Esos eran los sonidos de un ayudante muy expresivo.
En ese momento estaba afuera chillando mientras el señor dragón “demostraba” que valoraba el tiempo de Riley lo suficiente como para acortar la duración que les llevaría llegar al santuario.
Pura patraña.
Porque en realidad, los guardias elfos les habían dicho claramente que no.
La aguja iba a someterse a lo que ellos llamaban una purga de maná al día siguiente, y afirmaron que no podían, en buena conciencia, permitir que nadie entrara sabiendo que quedarían encerrados una vez que comenzara la purga de maná.

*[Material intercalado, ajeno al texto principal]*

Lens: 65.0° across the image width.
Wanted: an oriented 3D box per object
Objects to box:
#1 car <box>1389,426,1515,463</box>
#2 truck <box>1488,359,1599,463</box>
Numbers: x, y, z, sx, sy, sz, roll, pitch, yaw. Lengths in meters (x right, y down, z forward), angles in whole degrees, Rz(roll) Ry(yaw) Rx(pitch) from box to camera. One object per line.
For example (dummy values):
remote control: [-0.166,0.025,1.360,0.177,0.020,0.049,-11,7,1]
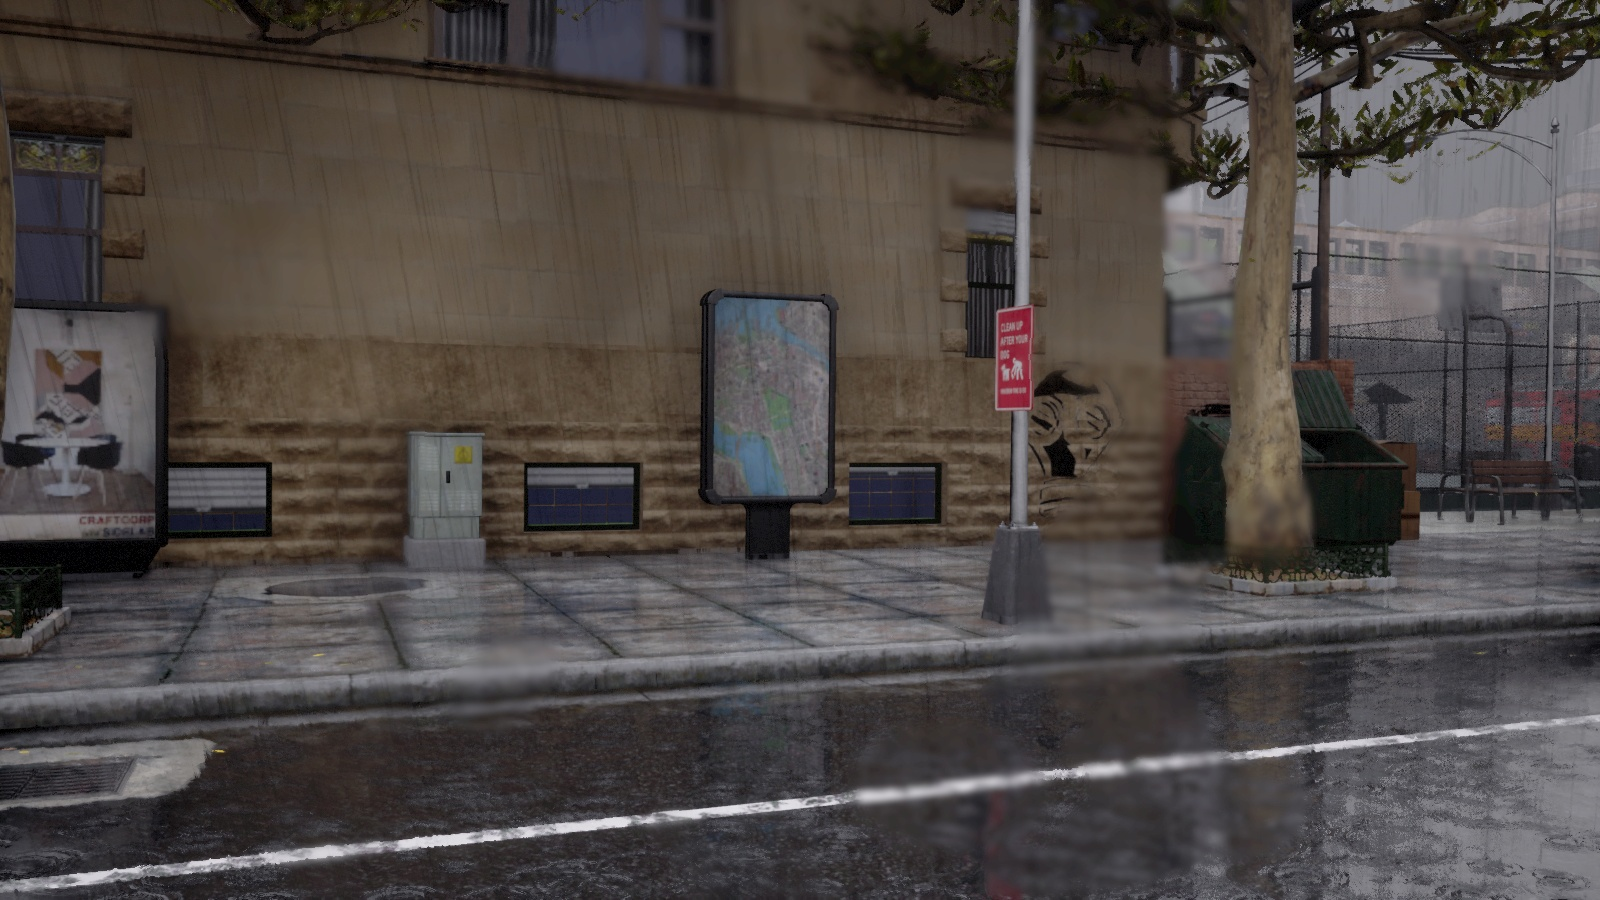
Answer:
car: [25.926,-0.233,50.058,1.994,1.385,4.181,-1,1,-21]
truck: [30.693,-1.469,47.340,2.891,3.827,8.468,-1,1,-21]
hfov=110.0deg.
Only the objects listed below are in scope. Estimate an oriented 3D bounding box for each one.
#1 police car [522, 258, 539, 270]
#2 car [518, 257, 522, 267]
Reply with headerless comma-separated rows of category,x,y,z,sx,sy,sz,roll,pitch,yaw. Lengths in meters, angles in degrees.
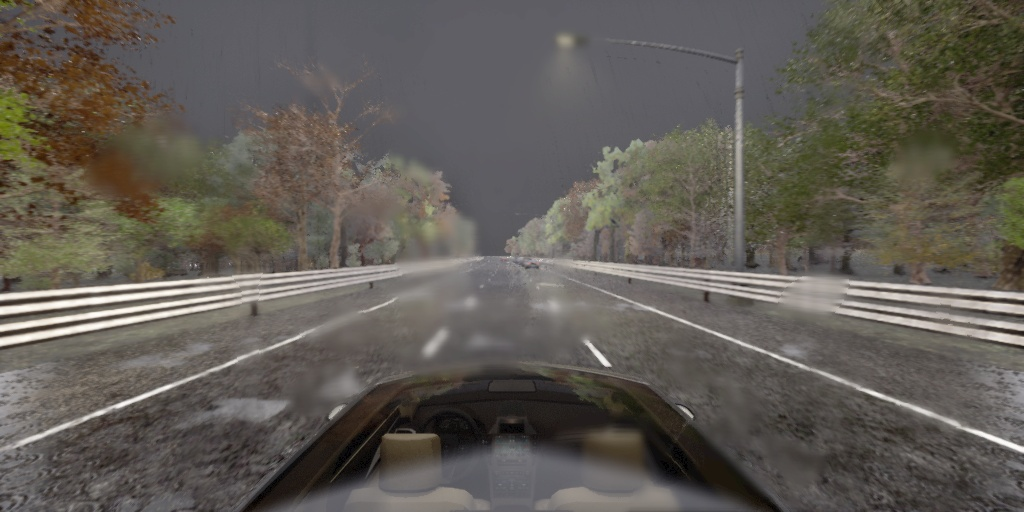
police car,2.987,1.252,54.253,2.038,1.542,4.974,0,0,-1
car,2.742,1.173,65.287,2.033,1.649,4.856,0,0,-1
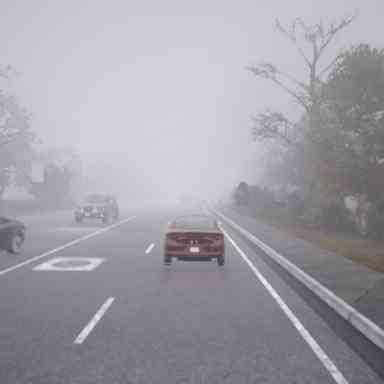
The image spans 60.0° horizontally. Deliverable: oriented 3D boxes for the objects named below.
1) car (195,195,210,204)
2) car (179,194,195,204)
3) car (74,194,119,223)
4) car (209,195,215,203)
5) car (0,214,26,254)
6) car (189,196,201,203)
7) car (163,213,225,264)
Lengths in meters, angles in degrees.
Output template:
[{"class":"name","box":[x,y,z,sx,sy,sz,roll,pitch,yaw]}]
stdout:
[{"class":"car","box":[2.267,1.955,75.889,1.994,1.385,4.181,1,0,10]},{"class":"car","box":[-1.347,1.584,75.455,2.150,2.045,5.566,1,0,10]},{"class":"car","box":[-7.019,1.188,25.157,2.150,2.045,5.566,1,0,0]},{"class":"car","box":[4.305,1.687,85.478,2.150,2.045,5.566,1,0,15]},{"class":"car","box":[-7.022,1.420,10.288,2.128,1.511,4.902,1,0,0]},{"class":"car","box":[0.781,1.905,85.826,1.837,1.490,4.892,1,0,15]},{"class":"car","box":[0.079,1.493,11.859,1.882,1.535,5.008,1,0,0]}]
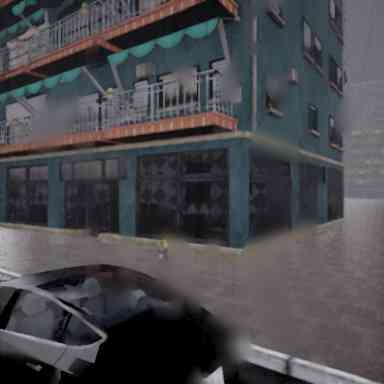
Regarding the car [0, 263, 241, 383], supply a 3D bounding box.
[{"bbox_3d":[-1.538,1.524,3.818,4.313,1.339,1.947,1,0,35],"label":"car"}]
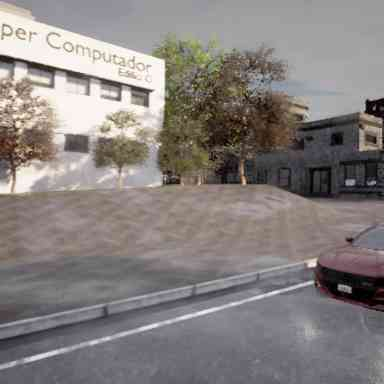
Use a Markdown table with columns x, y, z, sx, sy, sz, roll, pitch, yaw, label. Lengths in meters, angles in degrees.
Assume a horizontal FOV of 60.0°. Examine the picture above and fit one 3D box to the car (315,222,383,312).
| x | y | z | sx | sy | sz | roll | pitch | yaw | label |
| --- | --- | --- | --- | --- | --- | --- | --- | --- | --- |
| 4.759 | 1.417 | 7.392 | 5.008 | 1.535 | 1.882 | -1 | 1 | -36 | car |

Durante toda la explicación, los ojos de Riley se habían ido abriendo cada vez más, porque ni una sola parte sonaba bien para él.
Pero para su total incredulidad, Kael había insistido en que entrarían de todos modos.
Riley incluso había tratado, desesperadamente, de argumentar que estaba perfectamente bien sin tener que volver allí.
Pero al gran lagarto dorado aparentemente no le importaba su opinión.
En cambio, Kael lo había interrumpido con un seco:
—No tenemos intención de quedarnos todo el día, así que la purga de mañana no importa.
Los guardias parecían querer seguir discutiendo, pero realmente, frente a la mirada de Kael, ¿quién en su sano juicio podría seguir insistiendo?
Y así fue como Riley se encontró en su actual situación de gritos, porque aparentemente, Kael tenía su propia definición de “recorrido rápido”.
La cámara central de la aguja se extendía ante ellos, un hueco de altura imposible, vasto y cavernoso, abierto desde la planta baja hasta la plataforma justo debajo del santuario.
Era el tipo de diseño que inspiraba asombro a primera vista, pero en este momento, todo lo que Riley podía pensar era: «¿Qué nuevo infierno es este?»
Kael avanzó con absoluta confianza, con Riley amarrado contra su pecho como la mochila frontal más inconvenientemente ruidosa del mundo.
Riley se había preparado, pensando que el señor dragón iba a correr.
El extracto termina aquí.